- Born: 1988 (age 37–38) Pampanga, Philippines
- Known for: First Aeta graduate of the University of the Philippines Manila

= Norman King (Aeta) =

Filipino advocate (born 1988)

Norman King (born 1988) is a Filipino indigenous advocate and member of the Aeta people. He is best known for becoming the first Aeta graduate of the University of the Philippines Manila.

== Biography ==

=== Early life ===
Norman King was born in 1988 at the foothills of Mount Pinatubo in Pampanga, Philippines, a region long inhabited by the Aeta people. He is the eldest of seven siblings in his family. His parents are Warlita King and Roman King; his mother earned a living growing vegetables and fruits, while his father worked as a driver for the late Justice Eliezer de los Santos. The family's surname "King" was given to his grandfather by an American soldier, Mark King, who admired his leadership. Among the Aeta, who traditionally did not have fixed surnames, the name has since come to signify leadership lineage and ancestral heritage within his family.

In 1991, the devastating eruption of Mount Pinatubo forced his family and fellow Aeta villagers to flee their ancestral lands and resettle in the lowlands. Growing up in an Aeta community, Norman experienced the effects of poverty and displacement early in life, including his family's resettlement after the 1991 eruption.

=== Early education and career ===
After completing his primary education at Marcos Elementary School in Mabalacat City, Norman King graduated from Angeles City National Trade High School in 2004. After finishing high school in 2004, Norman King was sent to Metro Manila, where he worked as a deliver boy at a framing shop in Bangkal, Makati while taking up a vocational course in computer technology in the evenings. He also completed on‑the‑job training at the Government Service Insurance System office in Pasay, graduating with third honors in his computer technician class. He became a computer technician in 2005 and, by 2008 he secured a position at a business process outsourcing company.

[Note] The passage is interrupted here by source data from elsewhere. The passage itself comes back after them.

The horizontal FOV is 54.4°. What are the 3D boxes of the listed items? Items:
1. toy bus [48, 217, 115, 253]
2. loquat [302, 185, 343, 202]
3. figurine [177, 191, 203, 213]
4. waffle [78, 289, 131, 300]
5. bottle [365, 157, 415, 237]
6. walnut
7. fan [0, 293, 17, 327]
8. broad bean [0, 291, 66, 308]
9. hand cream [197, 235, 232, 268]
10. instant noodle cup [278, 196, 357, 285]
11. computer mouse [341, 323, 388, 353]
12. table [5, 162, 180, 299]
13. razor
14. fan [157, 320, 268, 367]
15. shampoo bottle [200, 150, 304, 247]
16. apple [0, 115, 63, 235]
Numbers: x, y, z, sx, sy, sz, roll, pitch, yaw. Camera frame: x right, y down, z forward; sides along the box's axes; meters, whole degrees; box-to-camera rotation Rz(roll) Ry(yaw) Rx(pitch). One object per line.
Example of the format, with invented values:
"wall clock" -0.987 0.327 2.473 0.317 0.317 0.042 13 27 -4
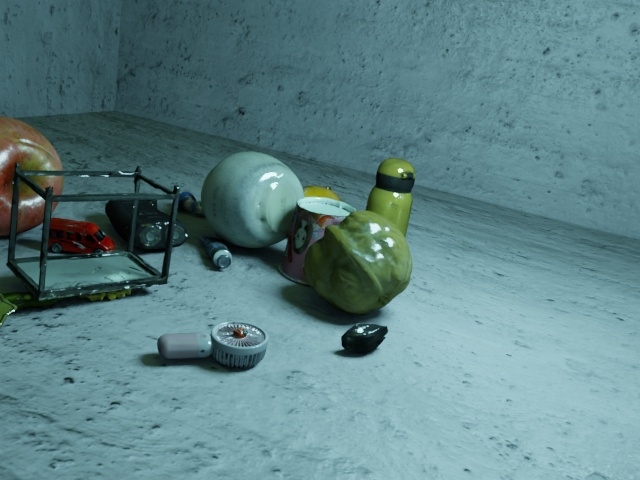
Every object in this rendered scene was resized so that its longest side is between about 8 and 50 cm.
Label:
"toy bus" -0.704 -0.007 1.826 0.195 0.089 0.081 9 19 -5
"loquat" -0.019 -0.095 2.286 0.238 0.193 0.238 6 45 -6
"figurine" -0.479 -0.135 2.355 0.149 0.087 0.086 15 -18 13
"waffle" -0.582 0.108 1.628 0.191 0.038 0.191 9 19 -3
"bottle" 0.253 -0.127 2.271 0.171 0.351 0.171 10 18 -3
"walnut" 0.109 0.066 1.742 0.253 0.282 0.277 6 35 -47
"fan" -0.829 0.164 1.321 0.335 0.011 0.229 -6 34 -26
"broad bean" -0.717 0.140 1.454 0.297 0.043 0.060 -3 13 -32
"hand cream" -0.332 0.027 1.985 0.091 0.058 0.271 9 13 -21
"instant noodle cup" 0.000 0.000 1.955 0.243 0.231 0.243 8 19 -3
"computer mouse" 0.114 0.245 1.533 0.135 0.079 0.047 -4 38 -29
"table" -0.569 -0.036 1.562 0.335 0.272 0.222 -5 24 -44
"razor" -0.570 -0.056 2.012 0.189 0.107 0.327 -4 22 -35
"fan" -0.238 0.231 1.387 0.244 0.074 0.130 2 21 -22
"shampoo bottle" -0.224 -0.133 2.068 0.322 0.322 0.317 -3 11 -35
"apple" -0.962 -0.190 1.837 0.364 0.364 0.364 9 18 -3

=== Graduating in UP Manila ===
Nearly a decade later after graduating from high school, Norman enrolled at the University of the Philippines Manila (UP Manila) at the age of 23, with the support of Cynthia Neri Zayas, PhD, who coordinated with his father to help him pursue higher education. His education was financially supported through a combination of the university stipend, assistance from the Diwang Magdalo Foundation, and allowances from his father. In 2017, Norman King became the first Aeta to graduate from the UP Manila, earning a Bachelor of Science in Behavioral Science.

During the commencement exercises of UP Manila in 2017, Norman received his diploma wearing a bahag, the traditional loincloth of the Aeta people, as a way of affirming and representing his indigenous heritage on a national stage. His choice of attire was widely covered in the media as a symbolic assertion of cultural identity and pride alongside his academic achievement. The moment received widespread media coverage and went viral on social media.

== Television and media portrayals ==

=== Maalaala Mo Kaya episode ===
Norman King's story has received attention in various forms of Philippine media beyond news reports of his academic achievements. In 2018, the long‑running drama anthology Maalaala Mo Kaya (MMK) aired an episode titled "Equal Rights", which dramatized the lives of King and his father, Roman King. The episode featured well‑known actors portraying Aeta characters, but it drew both praise for bringing attention to the experiences of indigenous peoples and criticism for its use of non‑Aeta actors whose skin tones were darkened with makeup, a practice that many viewers and commentators described as "blackface" and culturally insensitive. The portrayal of his father's role in community affairs also sparked debate among some groups who felt the narrative oversimplified or misrepresented aspects of local history.

=== Safeguard commercial ===
Norman's personal journey was dramatized in a television commercial produced by Safeguard, and described by SPOT.ph as one of the memorable ads of 2018. Titled Pabaon sa Buhay (Protection for Life), the video, in which he portrayed himself, recounted his struggles and triumphs, including his choice to wear a traditional bahag at his UP Manila commencement exercises, and was shared widely on social media for its inspirational portrayal of identity and perseverance.

=== Eat Bulaga! appearance ===
In 2020, King appeared on Eat Bulaga!'s popular segment "Bawal Judgmental," where he discussed his personal journey as an Indigenous Filipino, including his early work and study experiences, his pursuit of higher education, and his desire to amplify the voices of Aeta and other indigenous communities.